*** Data section ***

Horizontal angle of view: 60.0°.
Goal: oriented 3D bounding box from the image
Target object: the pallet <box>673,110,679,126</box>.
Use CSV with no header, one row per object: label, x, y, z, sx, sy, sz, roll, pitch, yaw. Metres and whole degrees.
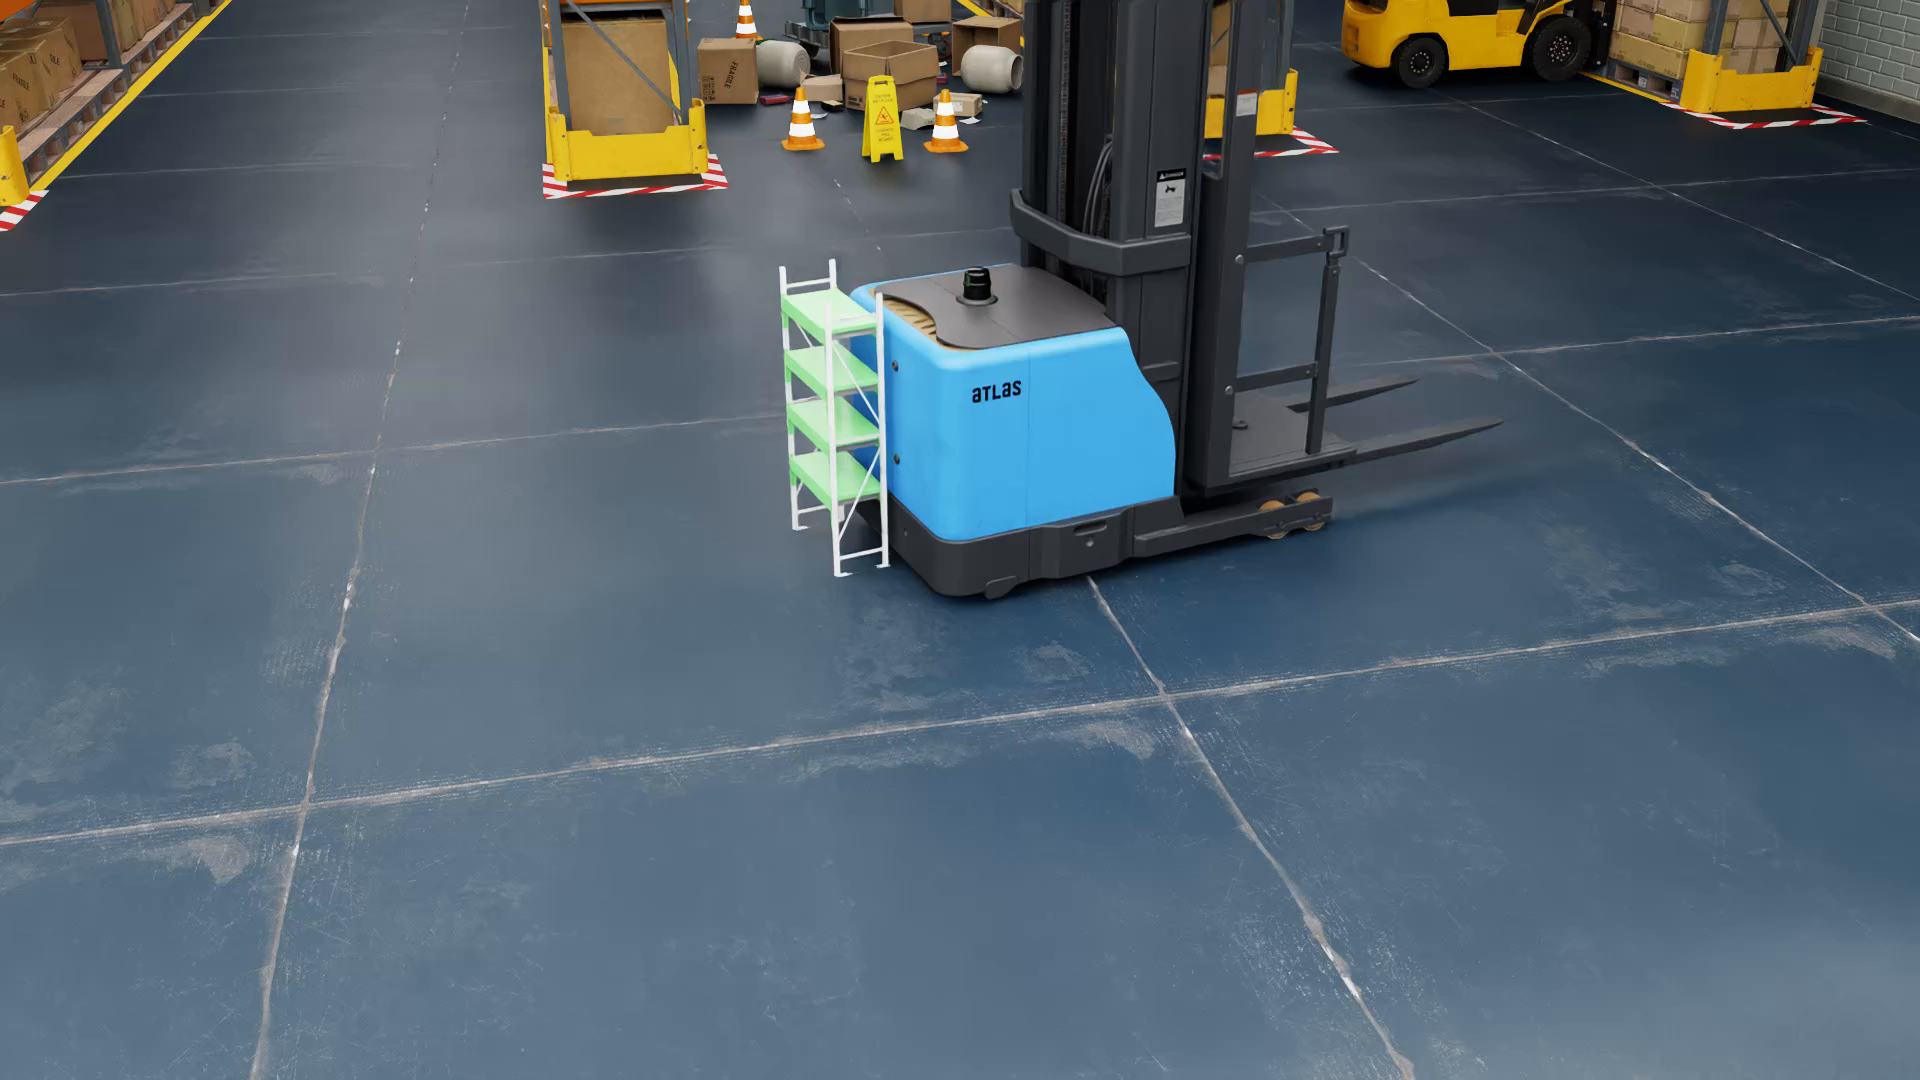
pallet,-2.813,-3.311,13.575,1.003,0.211,1.213,-6,27,-12

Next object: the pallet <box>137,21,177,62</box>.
pallet,-8.769,-5.143,17.204,1.003,0.211,1.213,-6,27,-12

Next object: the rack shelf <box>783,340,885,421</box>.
rack shelf,-0.520,-0.660,6.835,0.258,0.148,0.480,-12,29,-23

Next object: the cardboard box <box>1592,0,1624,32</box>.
cardboard box,6.425,-5.076,16.008,0.500,0.250,0.500,-7,28,-13

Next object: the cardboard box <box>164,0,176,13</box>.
cardboard box,-9.044,-6.054,18.200,0.700,0.500,0.500,-7,28,-14

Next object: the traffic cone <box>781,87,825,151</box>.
traffic cone,-1.293,-3.457,13.586,0.336,0.463,0.334,-6,27,-12

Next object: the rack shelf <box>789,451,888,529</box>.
rack shelf,-0.520,-0.232,7.052,0.258,0.148,0.480,-12,29,-23

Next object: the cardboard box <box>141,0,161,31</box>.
cardboard box,-8.772,-5.563,17.229,0.700,0.500,0.500,-4,27,-7

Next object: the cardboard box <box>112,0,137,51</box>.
cardboard box,-8.520,-5.073,16.257,0.700,0.500,0.500,-6,27,-12

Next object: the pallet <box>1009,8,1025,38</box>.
pallet,1.165,-5.612,18.135,1.003,0.211,1.213,-6,27,-12

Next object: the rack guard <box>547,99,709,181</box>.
rack guard,-2.551,-3.086,12.809,1.175,0.500,0.348,-6,27,-12

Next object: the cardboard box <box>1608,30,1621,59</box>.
cardboard box,6.458,-4.839,16.094,0.500,0.250,0.500,-6,27,-11

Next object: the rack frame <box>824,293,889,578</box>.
rack frame,-0.414,-0.404,6.719,0.240,1.200,0.015,-12,29,-23

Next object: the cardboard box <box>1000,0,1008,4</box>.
cardboard box,0.897,-6.380,19.012,0.950,0.372,0.625,-5,27,-10

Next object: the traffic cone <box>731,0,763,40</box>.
traffic cone,-2.289,-5.578,17.788,0.336,0.463,0.334,-6,27,-12

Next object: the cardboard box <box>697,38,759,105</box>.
cardboard box,-2.108,-4.276,15.165,0.500,0.500,0.500,-1,27,-3

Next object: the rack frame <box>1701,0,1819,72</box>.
rack frame,7.078,-5.265,14.352,1.000,3.000,0.127,-6,27,-12

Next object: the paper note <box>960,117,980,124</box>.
paper note,0.091,-3.647,14.441,0.148,0.019,0.142,-16,31,-29

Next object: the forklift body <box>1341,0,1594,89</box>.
forklift body,4.874,-5.533,15.826,2.313,2.155,1.214,-6,27,-12

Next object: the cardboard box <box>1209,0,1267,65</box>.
cardboard box,2.325,-4.447,14.484,0.500,0.500,0.500,-7,28,-13

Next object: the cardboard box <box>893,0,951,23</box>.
cardboard box,-0.386,-5.544,16.838,0.500,0.500,0.500,-6,27,-12

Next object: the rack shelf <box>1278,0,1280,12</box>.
rack shelf,1.792,-5.316,15.252,1.077,0.370,4.000,-6,27,-12

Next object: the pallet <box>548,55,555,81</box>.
pallet,-3.363,-4.382,15.697,1.003,0.211,1.213,-6,27,-12

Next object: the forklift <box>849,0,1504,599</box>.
forklift,1.074,-1.512,6.993,3.031,2.935,1.130,-12,29,-23

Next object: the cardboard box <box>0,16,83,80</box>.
cardboard box,-8.262,-4.401,14.949,0.500,0.500,0.500,-7,28,-13

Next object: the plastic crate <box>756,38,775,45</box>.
plastic crate,-2.143,-4.796,16.479,0.450,0.188,0.662,-2,25,20

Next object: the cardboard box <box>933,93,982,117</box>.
cardboard box,-0.020,-3.857,14.726,0.380,0.149,0.250,8,28,15

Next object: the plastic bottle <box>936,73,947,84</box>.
plastic bottle,-0.195,-4.447,15.992,0.133,0.061,0.283,-1,27,-3

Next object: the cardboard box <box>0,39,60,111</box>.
cardboard box,-7.909,-3.886,13.928,0.500,0.500,0.500,-8,28,-16

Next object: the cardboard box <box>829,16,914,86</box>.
cardboard box,-0.838,-4.629,15.713,0.797,0.637,0.503,-6,27,-12

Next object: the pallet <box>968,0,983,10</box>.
pallet,0.615,-6.683,20.257,1.003,0.211,1.213,-6,27,-12

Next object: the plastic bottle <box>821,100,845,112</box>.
plastic bottle,-1.156,-3.895,14.899,0.133,0.061,0.283,-16,31,-29

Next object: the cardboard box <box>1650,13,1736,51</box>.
cardboard box,6.664,-4.630,15.125,0.500,0.250,0.500,-6,27,-12

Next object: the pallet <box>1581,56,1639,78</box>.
pallet,6.594,-4.886,16.696,1.003,0.211,1.213,-6,27,-12

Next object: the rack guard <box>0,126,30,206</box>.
rack guard,-7.429,-2.671,11.986,1.175,0.500,0.348,-6,27,-12

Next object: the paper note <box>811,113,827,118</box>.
paper note,-1.247,-3.729,14.605,0.144,0.017,0.142,3,27,6

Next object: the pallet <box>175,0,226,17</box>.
pallet,-9.319,-6.374,19.644,1.003,0.211,1.213,-6,27,-12

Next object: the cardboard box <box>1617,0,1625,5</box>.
cardboard box,6.427,-5.286,15.870,0.500,0.250,0.500,-6,27,-11

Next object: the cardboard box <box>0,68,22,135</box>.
cardboard box,-7.704,-3.359,12.885,0.500,0.500,0.500,1,27,2

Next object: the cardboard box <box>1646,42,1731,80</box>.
cardboard box,6.665,-4.399,15.222,0.500,0.250,0.500,-6,27,-11

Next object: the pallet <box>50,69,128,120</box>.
pallet,-8.128,-3.973,14.887,1.003,0.211,1.213,-6,27,-12

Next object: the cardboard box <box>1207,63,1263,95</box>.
cardboard box,2.331,-4.102,14.633,0.500,0.250,0.500,-6,27,-12

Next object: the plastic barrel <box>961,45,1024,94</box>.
plastic barrel,0.303,-4.362,15.423,0.512,0.421,0.421,13,30,24

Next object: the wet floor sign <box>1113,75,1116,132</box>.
wet floor sign,1.244,-3.516,13.501,0.267,0.644,0.232,3,27,6

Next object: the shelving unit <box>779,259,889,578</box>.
shelving unit,-0.520,-0.503,6.915,0.258,1.200,0.503,-12,29,-23

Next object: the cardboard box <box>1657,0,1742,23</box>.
cardboard box,6.671,-4.842,14.990,0.500,0.250,0.500,-5,27,-10

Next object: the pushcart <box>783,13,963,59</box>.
pushcart,-0.868,-5.091,16.918,1.648,0.377,0.936,-16,31,-29

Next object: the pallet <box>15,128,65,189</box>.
pallet,-7.578,-2.902,12.765,1.003,0.211,1.213,-6,27,-12

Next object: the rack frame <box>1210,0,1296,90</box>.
rack frame,2.243,-4.759,13.351,1.000,3.000,0.127,-6,27,-12

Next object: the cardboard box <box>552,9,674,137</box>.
cardboard box,-2.774,-3.742,13.227,0.875,0.875,0.875,-6,27,-11
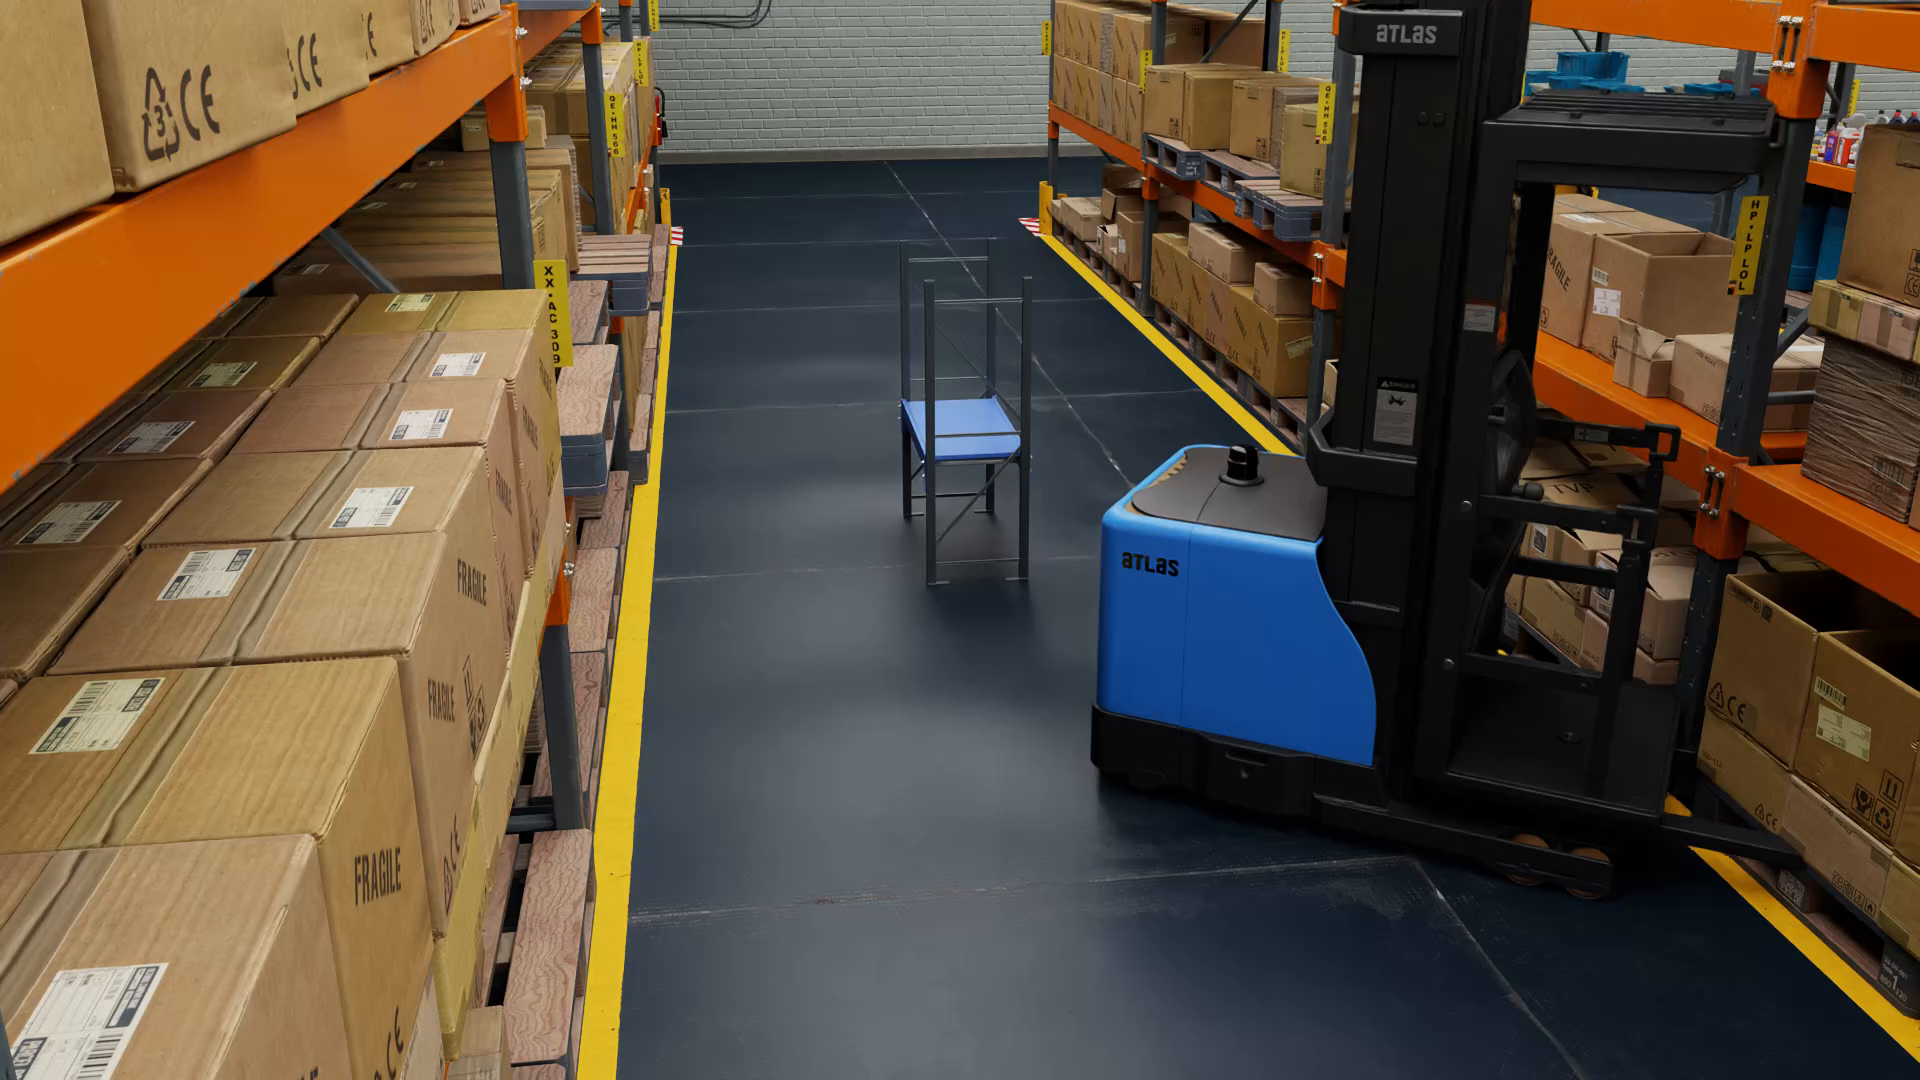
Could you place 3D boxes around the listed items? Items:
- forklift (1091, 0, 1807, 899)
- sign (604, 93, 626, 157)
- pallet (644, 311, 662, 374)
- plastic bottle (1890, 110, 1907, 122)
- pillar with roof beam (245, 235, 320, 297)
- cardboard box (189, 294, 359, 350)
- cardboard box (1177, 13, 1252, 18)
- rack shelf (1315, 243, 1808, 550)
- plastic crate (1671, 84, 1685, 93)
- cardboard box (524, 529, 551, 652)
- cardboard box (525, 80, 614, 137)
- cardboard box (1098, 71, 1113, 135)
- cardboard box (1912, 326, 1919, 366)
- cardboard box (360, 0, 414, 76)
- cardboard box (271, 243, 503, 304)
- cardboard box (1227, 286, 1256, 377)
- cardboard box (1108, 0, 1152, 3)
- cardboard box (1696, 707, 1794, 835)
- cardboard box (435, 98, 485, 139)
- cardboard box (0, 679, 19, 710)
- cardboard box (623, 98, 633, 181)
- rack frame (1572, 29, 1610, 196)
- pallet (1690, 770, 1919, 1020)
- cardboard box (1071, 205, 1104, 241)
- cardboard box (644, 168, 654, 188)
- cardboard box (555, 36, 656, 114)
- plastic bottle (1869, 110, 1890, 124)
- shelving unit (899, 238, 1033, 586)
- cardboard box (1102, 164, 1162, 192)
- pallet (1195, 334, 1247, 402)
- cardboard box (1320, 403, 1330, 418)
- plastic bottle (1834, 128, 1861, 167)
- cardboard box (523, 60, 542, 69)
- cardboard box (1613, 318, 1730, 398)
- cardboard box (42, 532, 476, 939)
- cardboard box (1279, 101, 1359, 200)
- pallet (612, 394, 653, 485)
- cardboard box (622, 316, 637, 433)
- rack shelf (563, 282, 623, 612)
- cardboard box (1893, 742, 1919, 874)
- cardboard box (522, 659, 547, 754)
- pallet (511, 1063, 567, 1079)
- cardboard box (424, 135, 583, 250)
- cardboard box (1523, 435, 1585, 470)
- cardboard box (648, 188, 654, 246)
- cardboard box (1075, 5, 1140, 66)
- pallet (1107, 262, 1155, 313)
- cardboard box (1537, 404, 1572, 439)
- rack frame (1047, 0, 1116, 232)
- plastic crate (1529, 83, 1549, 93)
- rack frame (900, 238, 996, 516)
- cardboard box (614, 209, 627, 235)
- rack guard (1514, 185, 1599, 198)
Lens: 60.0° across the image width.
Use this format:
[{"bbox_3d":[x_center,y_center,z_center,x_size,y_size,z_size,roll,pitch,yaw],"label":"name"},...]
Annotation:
[{"bbox_3d":[2.050,-0.392,5.578,3.031,2.935,1.130,10,23,24],"label":"forklift"},{"bbox_3d":[-1.805,-2.165,8.685,0.100,0.325,0.005,-3,21,-8],"label":"sign"},{"bbox_3d":[-2.732,-1.445,12.283,1.003,0.211,1.213,-3,21,-8],"label":"pallet"},{"bbox_3d":[7.342,-3.189,13.039,0.144,0.351,0.185,-3,21,-8],"label":"plastic bottle"},{"bbox_3d":[1.251,-4.163,7.002,9.100,9.000,0.400,-3,21,-8],"label":"pillar with roof beam"},{"bbox_3d":[-1.903,-0.362,4.512,0.500,0.500,0.500,-3,21,-9],"label":"cardboard box"},{"bbox_3d":[2.120,-4.137,13.933,0.500,0.500,0.500,-4,21,-9],"label":"cardboard box"},{"bbox_3d":[2.849,-0.851,7.736,1.077,0.370,4.000,-3,21,-8],"label":"rack shelf"},{"bbox_3d":[6.848,-4.025,15.289,0.437,0.282,0.530,-3,21,-8],"label":"plastic crate"},{"bbox_3d":[-1.332,0.138,4.246,0.500,0.250,0.500,-3,21,-8],"label":"cardboard box"},{"bbox_3d":[-2.155,-2.357,9.070,0.500,0.250,0.500,-2,21,-6],"label":"cardboard box"},{"bbox_3d":[1.506,-3.829,14.537,0.500,0.500,0.500,-2,21,-7],"label":"cardboard box"},{"bbox_3d":[3.059,-0.567,4.878,0.380,0.149,0.250,-3,21,-9],"label":"cardboard box"},{"bbox_3d":[-1.208,-1.001,2.651,0.500,0.500,0.500,-2,21,-4],"label":"cardboard box"},{"bbox_3d":[-1.804,-0.675,5.466,0.700,0.500,0.500,-3,21,-8],"label":"cardboard box"},{"bbox_3d":[2.119,-1.407,11.140,0.500,0.500,0.500,-4,21,-10],"label":"cardboard box"},{"bbox_3d":[1.744,-5.026,16.313,0.500,0.500,0.500,-3,21,-8],"label":"cardboard box"},{"bbox_3d":[2.904,0.771,5.693,0.500,0.250,0.500,-3,21,-8],"label":"cardboard box"},{"bbox_3d":[-2.663,-2.320,8.973,0.500,0.250,0.500,-2,21,-6],"label":"cardboard box"},{"bbox_3d":[-1.529,0.523,2.144,0.500,0.500,0.500,-3,21,-7],"label":"cardboard box"},{"bbox_3d":[-2.377,-2.540,10.632,0.500,0.500,0.500,-2,21,-6],"label":"cardboard box"},{"bbox_3d":[6.309,-4.899,17.546,1.000,3.000,0.127,-3,21,-8],"label":"rack frame"},{"bbox_3d":[3.210,1.088,5.501,1.003,0.211,1.213,-3,21,-8],"label":"pallet"},{"bbox_3d":[1.349,-3.020,15.815,0.500,0.250,0.500,-3,21,-8],"label":"cardboard box"},{"bbox_3d":[-3.058,-3.368,15.492,0.380,0.149,0.250,-2,21,-6],"label":"cardboard box"},{"bbox_3d":[-3.411,-4.364,15.684,0.980,0.700,0.700,-2,21,-5],"label":"cardboard box"},{"bbox_3d":[7.200,-3.182,13.019,0.144,0.351,0.185,-3,21,-8],"label":"plastic bottle"},{"bbox_3d":[0.012,-0.673,8.375,0.538,1.500,1.048,-3,21,-8],"label":"shelving unit"},{"bbox_3d":[1.729,-3.510,16.770,0.500,0.500,0.500,-3,21,-8],"label":"cardboard box"},{"bbox_3d":[2.318,-1.256,11.778,1.003,0.211,1.213,-3,21,-8],"label":"pallet"},{"bbox_3d":[2.345,-0.593,9.347,0.500,0.250,0.500,-3,21,-8],"label":"cardboard box"},{"bbox_3d":[6.709,-2.956,12.521,0.152,0.276,0.135,-3,21,-8],"label":"plastic bottle"},{"bbox_3d":[-2.879,-2.854,10.402,0.500,0.250,0.500,-3,21,-9],"label":"cardboard box"},{"bbox_3d":[2.829,-0.728,6.570,0.396,0.266,0.258,-3,21,-9],"label":"cardboard box"},{"bbox_3d":[-1.089,0.319,2.690,0.500,0.500,0.500,-4,21,-10],"label":"cardboard box"},{"bbox_3d":[2.358,-2.337,9.942,0.700,0.500,0.500,-10,23,-26],"label":"cardboard box"},{"bbox_3d":[-2.380,-0.600,10.021,1.003,0.211,1.213,-3,21,-8],"label":"pallet"},{"bbox_3d":[-2.317,-1.080,9.794,0.750,0.750,0.750,-3,21,-8],"label":"cardboard box"},{"bbox_3d":[-2.053,-0.600,7.064,1.077,0.370,4.000,-3,21,-8],"label":"rack shelf"},{"bbox_3d":[3.038,0.767,4.634,0.500,0.500,0.500,-3,21,-8],"label":"cardboard box"},{"bbox_3d":[-1.887,0.466,6.124,0.700,0.500,0.500,-2,21,-6],"label":"cardboard box"},{"bbox_3d":[-1.453,1.716,3.821,1.003,0.211,1.213,-3,21,-8],"label":"pallet"},{"bbox_3d":[-2.263,-1.720,8.263,0.700,0.500,0.500,-5,21,-14],"label":"cardboard box"},{"bbox_3d":[2.575,-0.320,7.813,0.500,0.311,0.500,-3,21,-8],"label":"cardboard box"},{"bbox_3d":[-3.222,-3.015,15.473,0.700,0.500,0.500,-3,21,-8],"label":"cardboard box"},{"bbox_3d":[1.360,-4.645,15.293,0.500,0.500,0.500,-3,21,-7],"label":"cardboard box"},{"bbox_3d":[1.886,-2.197,14.297,1.003,0.211,1.213,-3,21,-8],"label":"pallet"},{"bbox_3d":[3.031,-0.529,8.372,0.500,0.311,0.500,-3,21,-8],"label":"cardboard box"},{"bbox_3d":[1.407,-4.651,16.881,1.000,3.000,0.127,-3,21,-8],"label":"rack frame"},{"bbox_3d":[5.984,-4.586,17.000,0.250,0.136,0.298,-3,21,-8],"label":"plastic crate"},{"bbox_3d":[-0.061,-0.849,8.846,0.500,1.500,0.032,-3,21,-8],"label":"rack frame"},{"bbox_3d":[-2.141,-1.831,9.662,0.380,0.149,0.250,-2,21,-6],"label":"cardboard box"},{"bbox_3d":[6.293,-3.736,18.004,1.175,0.500,0.348,-3,21,-8],"label":"rack guard"}]

*** End of Data section ***

◆ **What you are asked to do**:
Given the data above, transcribe exactly the lines from the one containing "- cardboard box (1108, 0, 1152, 3)" down to the one containing "- plastic bottle (1869, 110, 1890, 124)", and no others.

◆ **Result of the exercise**:
- cardboard box (1108, 0, 1152, 3)
- cardboard box (1696, 707, 1794, 835)
- cardboard box (435, 98, 485, 139)
- cardboard box (0, 679, 19, 710)
- cardboard box (623, 98, 633, 181)
- rack frame (1572, 29, 1610, 196)
- pallet (1690, 770, 1919, 1020)
- cardboard box (1071, 205, 1104, 241)
- cardboard box (644, 168, 654, 188)
- cardboard box (555, 36, 656, 114)
- plastic bottle (1869, 110, 1890, 124)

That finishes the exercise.